기액량상혼합류체재협편식혼수빙내적류동여입구단기액혼합정도유직접적관계,고재혼수빙입구전단설치료자행설계적완충균화기,병통과가시화시험탐색입구단기액량상류형급기포직경수전속화입구함기솔적변화규률。연구발현:경과완충균화기후,기액량상류체재혼수빙입구단표현위균균적포상류,무대단기포취집현상,설명완충균화기결구급다공관개공방안합리,능구기도균균혼합기액량상류체적작용;재동일전속화액상류량하,혼수빙입구단기포직경변화규률정정태분포,수착입구함기솔적증가(0~50%),기체총류량증가,재균화기중여수혼합후형성적기포초시직경축점증가,사득혼수빙입구단기포직경야축점증가;재동일액상류량화입구함기솔공황하,기포적초시직경상동,이수착혼수빙전속적증가(1800~2700 r/min),입구단류체선전각속도증대,도치액상대기상적타예력야상응증대,최종도치기포직경변소;회제료빙입구기포직경수입구함기솔급전속적변화규률곡선,가이위혼수빙내류장수치모의중입구기액량상류형급평균기포직경적설치제공삼고。
The gas-liquid two-phase flow field inner a rotodynamic multiphase pump has a direct relationship with the mixed condition of gas and liquid in the entrance. An independent designed buffer tank is installed in front of the multiphase pump and visualization tests are conducted to investigate the flow pattern of gas-liquid two phases and the distribution rule of bubble size in different conditions of rotational speed and inlet gas volume fraction (IGVF).
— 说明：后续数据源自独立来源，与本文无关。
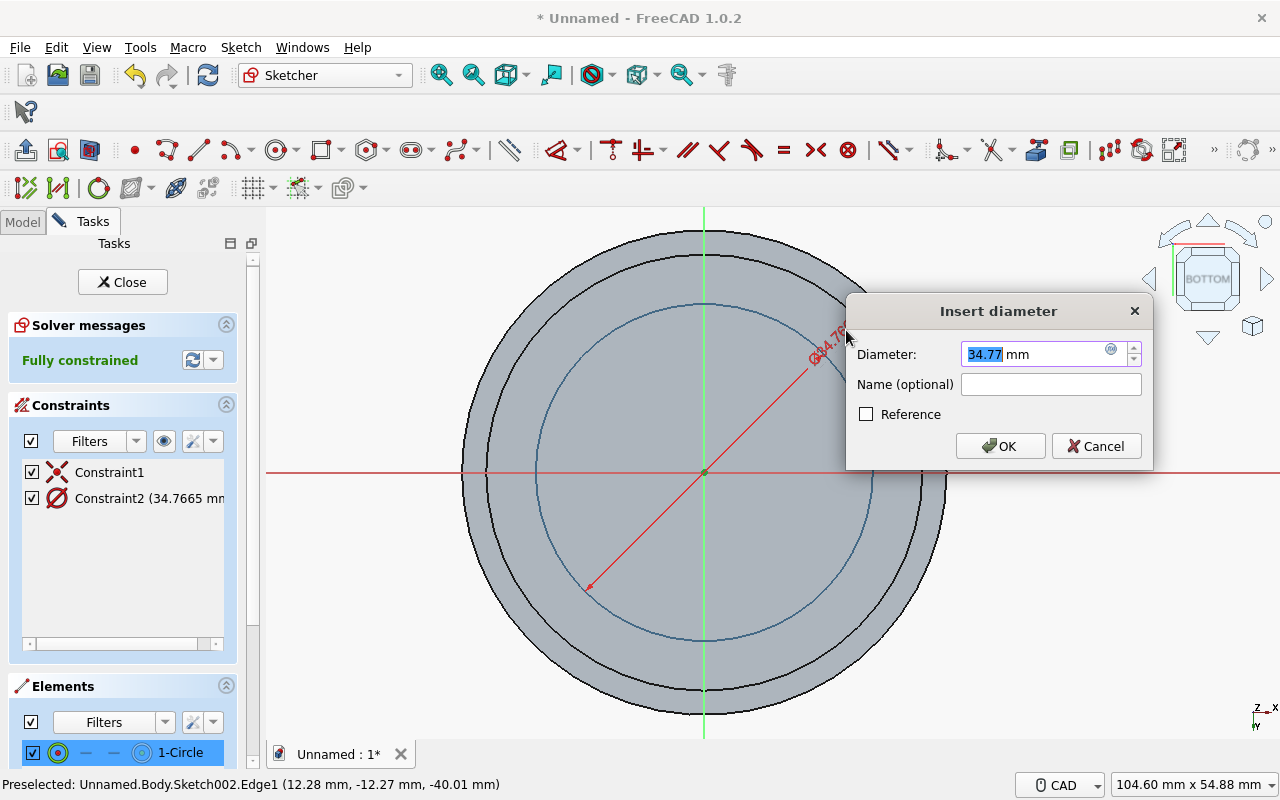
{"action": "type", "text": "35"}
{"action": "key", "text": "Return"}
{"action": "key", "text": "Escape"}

The test results show that the flow pattern of the gas-liquid two phases is presented as uniform bubble flow after the mixture passing through the buffer tank and there is no aggregation of big bubbles, which can verify the rationality of the designed structure and the opening scheme on central porous pipe of the buffer tank. More importantly, the buffer tank has the ability to well mix the gas and liquid. From the analyses of bubble sizes, a normal distribution of them can be seen. With the increase of IGVF (0-50%), the gas volume flow rate increases and then the initial bubble size increases, which cause the bubble size also grows in the entrance when the rotational speed and liquid volume flow rate are constant. When the IGVF and liquid volume fraction are constant, the initial bubble sizes keep constant too. However, with the increase of rotational speed (1 800-2 700 r/min), the drag force between liquid and gas increases correspondingly, which causes bubble sizes decrease. In addition, curves are drawn to express the relationships of bubble size with IGVF and rotational speed, which will provide theoretical support for the setting of inlet boundary conditions to simulate the inner flow of the multiphase pump.